Specifically, the emulsifier is a cationic emulsifier. The emulsifier can be cation middle-split emulsifier or cation slow-split emulsifier. In general, it is preferable to use a slow-breaking cationic emulsifier, and when it is necessary to regenerate a structural layer more quickly, a medium-breaking cationic emulsifier is used.

Specifically, the auxiliary agent is an inorganic silicon dioxide aerogel surfactant.

Specifically, the water is drinking water meeting the drinking requirements of human beings.

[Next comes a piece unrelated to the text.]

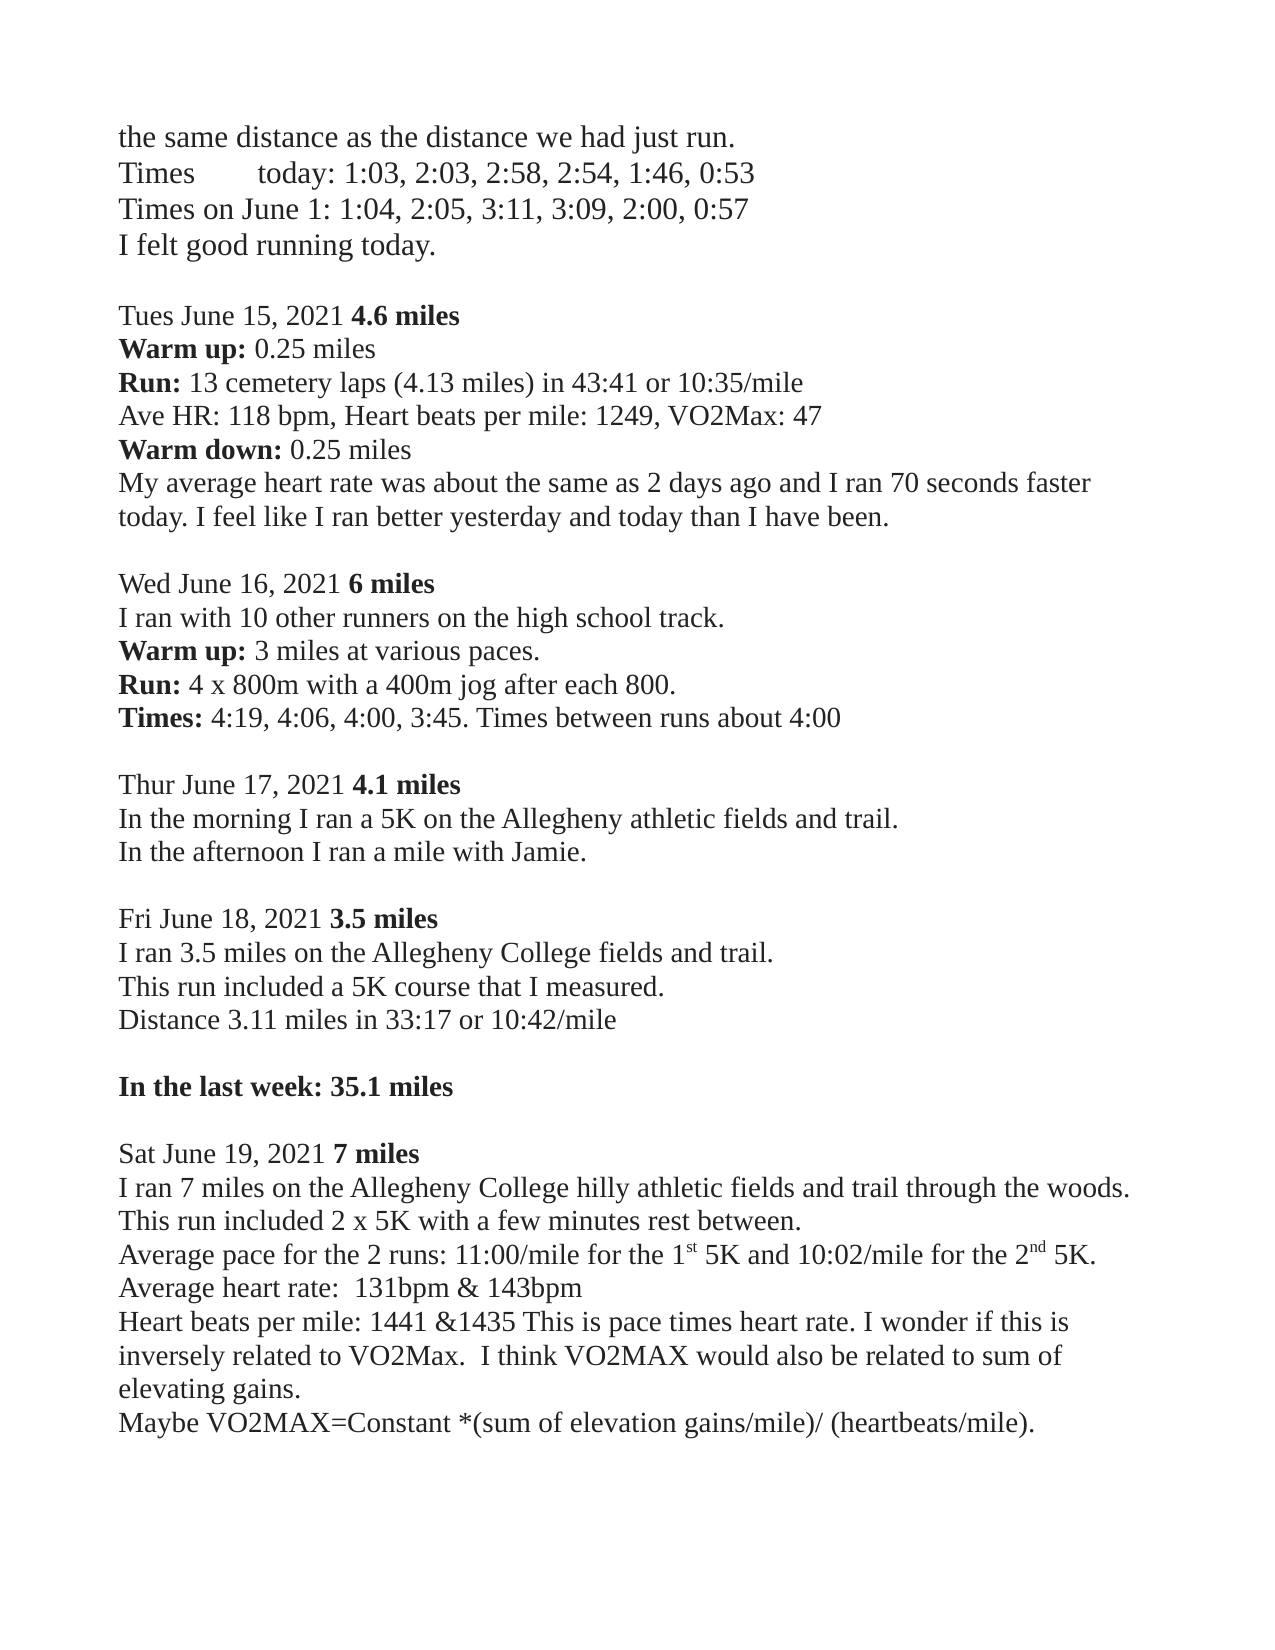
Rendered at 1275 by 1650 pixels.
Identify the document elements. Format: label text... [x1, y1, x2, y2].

Detailed description of the preferred embodiments

(1) Traffic control

Before construction, the construction system needs to be contacted with a local traffic management department, and simultaneously, traffic control schemes are formulated together; the influence of construction on traffic should be reduced as much as possible; the traffic signs should be placed 2h before paving. The traffic sign is striking, and a reflective sign is adopted during night construction;

(2) temperature detection and original pavement evaluation

Detecting and evaluating the temperature, the track depth, the anti-slip coefficient and the like of the original pavement so as to determine the using amount of the heat-resistant modified emulsified asphalt;

(3) personnel division and equipment configuration

The composition of the personnel of the construction team is basically consistent with that of the personnel of the ordinary asphalt concrete pavement construction team. Transporting the broken stone seal coat vehicle and the asphalt distribution vehicle to a construction road section, adjusting the parking places, and calibrating the asphalt and aggregate using amount according to the design mixing ratio;

(4) spreading construction

Respectively spreading heat-resistant high-concentration modified emulsified asphalt and fine macadam on the original pavement, wherein the spreading rate of the macadam is not lower than 120%; the distance between the gravel spreading vehicle and the asphalt spreading vehicle is controlled within 20 m;

(5) rolling construction

Before the temperature of the road surface is reduced to 120 ℃, a 12t light rubber-tyred roller is adopted to slowly and uniformly roll for 1-2 times, the rolling speed is less than 5krn/h, and the speed is reduced when the roller is started and stopped;

(6) pumice cleaning

Cleaning pumice on the surface of the asphalt by using a powerful blower or other cleaning equipment, and finally forming a super thin-layer cover surface with the thickness of 4-6 mm based on the modified emulsified asphalt which does not expose out of the bottom layer and absorbs the automobile exhaust;

(7) spreading upper seal asphalt

Spreading heat-resistant emulsified asphalt on the surface of the cleaned fine crushed stone by using an asphalt spreading vehicle;

(8) initial maintenance and open traffic

And (3) prohibiting any vehicle and pedestrian from passing through, opening the traffic within 2-4 h after the construction is finished, and controlling the vehicle speed to be not more than 60km/h within 24h after the traffic is opened.

The invention can effectively avoid the phenomenon of 'flying stones' caused after the construction traffic at present, and can utilize the heat-resistant advantage of the heat-resistant modified emulsified asphalt to reduce the temperature of the road surface and reduce the high-temperature diseases of the road.